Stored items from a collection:
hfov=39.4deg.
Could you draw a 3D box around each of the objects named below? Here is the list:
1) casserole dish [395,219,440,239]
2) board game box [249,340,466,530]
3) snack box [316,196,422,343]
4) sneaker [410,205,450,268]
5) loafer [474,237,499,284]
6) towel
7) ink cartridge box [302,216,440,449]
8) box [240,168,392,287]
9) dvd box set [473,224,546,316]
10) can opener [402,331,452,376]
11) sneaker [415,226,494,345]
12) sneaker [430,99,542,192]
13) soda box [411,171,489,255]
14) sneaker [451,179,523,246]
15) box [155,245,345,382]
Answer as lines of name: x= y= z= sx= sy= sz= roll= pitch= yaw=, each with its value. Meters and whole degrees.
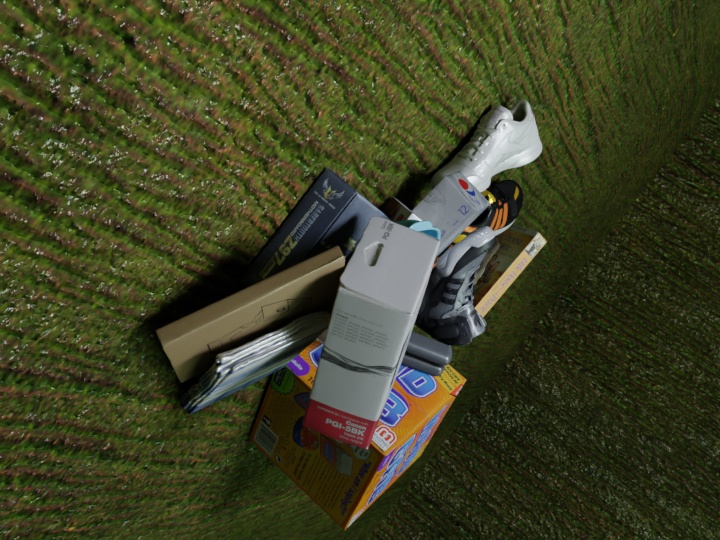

## Problem description
Return every line holding the word "each" from the records.

## Response to the exercise
Could you draw a 3D box around each of the objects named below? Here is the list:
Answer as lines of name: x= y= z= sx= sy= sz= roll= pitch= yaw=, each with its value. Meters and whole degrees.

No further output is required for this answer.